Pitch correction is arranged so that the pot's centre setting gives the most natural-sounding adjustment, but there's range for experimentation if you need a more or less obvious effect. A small display shows whether your singing is being tuned sharp or flat, and the correction sounds pretty benign if set near the middle of range, as suggested. There's no detail provided as to precisely what the control does, but it seems to change the amount of pitch correction rather than the speed, so that in an anti-clockwise position, very little happens, while at its clockwise extreme it pushes your voice all the way to the nearest semitone. It won't reproduce the kind of hard pitch‑quantised yodelling you'll hear on a chart R&B record, though.

Unfortunately, there's no separate output for the non‑pitch‑corrected sound. In my experience, most live engineers avoid sending pitch‑corrected audio to the stage monitors, as this can confuse the singer. If you need a dry feed, you'll have to arrange some way to split the mic signal, or feed the Correct XT from the PA mixer.

Vocal Verdict

The VoiceTone Correct XT turned out to be really easy to use, and the improvement in vocal clarity is helpful in moderation. The Dynamics control shouldn't be over-used, as it provokes feedback and can make the sound unnatural. However, the anti‑feedback effect is pretty good at clawing back a bit more headroom, and the notches are very narrow, so even if it's working hard the results are natural.

While the pitch correction works fine on a technical level, I think it was a mistake to leave out an unprocessed output for feeding the monitor mix, as I find it almost impossible to pitch my singing when all I can hear is a pitch-corrected signal. That said, if you feel your live vocal could sound a bit more polished, but you don't want a complicated multi‑effects unit, then VoiceTone Correct XT might be just what you need.    


  • Compact unit.
  • Inexpensive.
  • Very easy to use.
  • Several important processes in one box.

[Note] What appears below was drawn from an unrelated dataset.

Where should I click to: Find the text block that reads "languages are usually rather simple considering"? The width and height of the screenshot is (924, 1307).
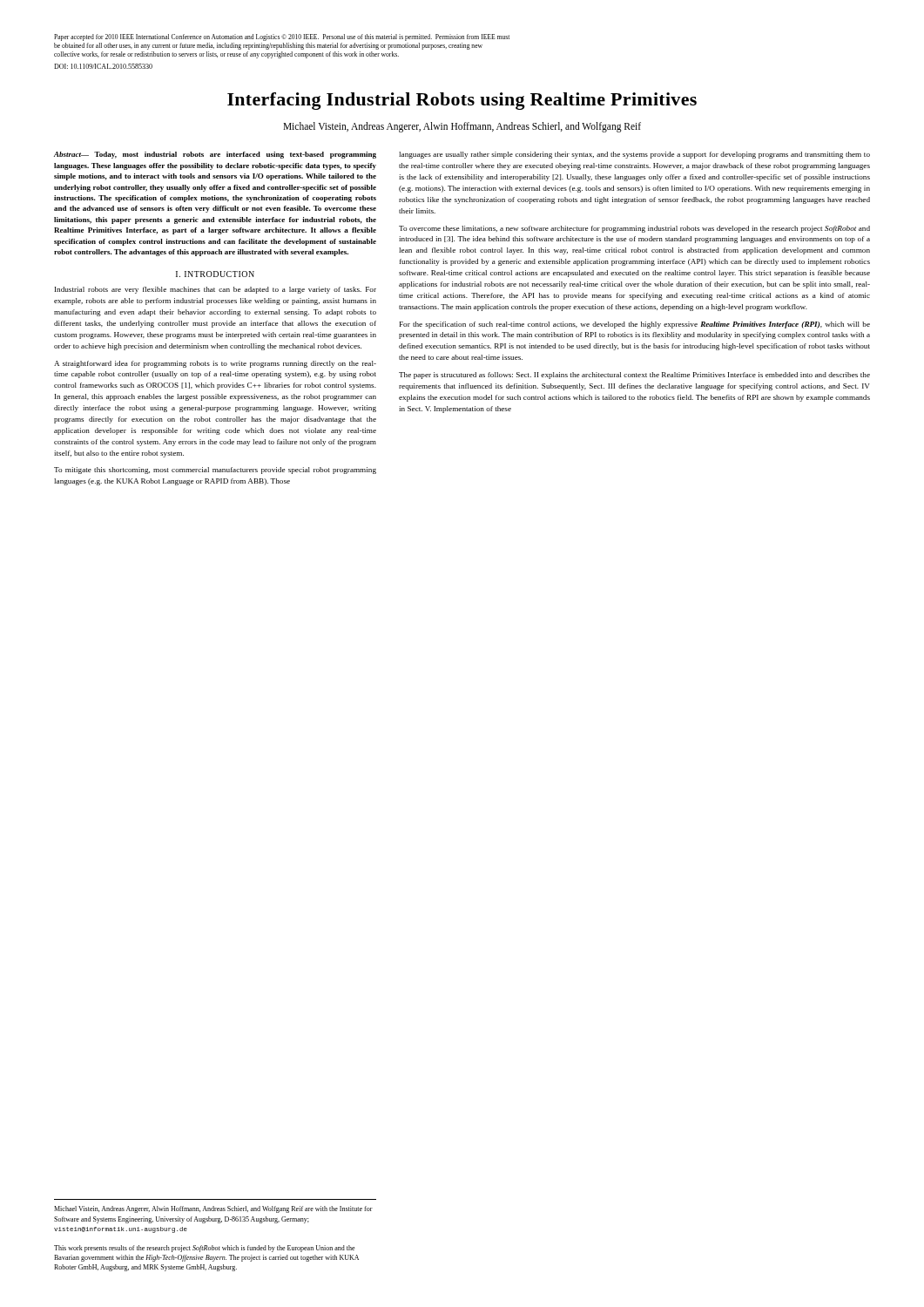[x=634, y=183]

  • Dynamics processing can cause feedback.
  • No output without pitch correction.
  • External PSU easy to dislodge on stage, so pedalboard mounting is desirable.


The VoiceTone Correct XT provides singers with a compact, simple and reasonably priced way to enhance their live vocal sound. Each section provides a useful process, and while most are best not overdone, the overall combination is effective at subtly improving vocal clarity and polishing performance.


£205 including VAT.

TC Electronic UK +44 (0)800 917 8926.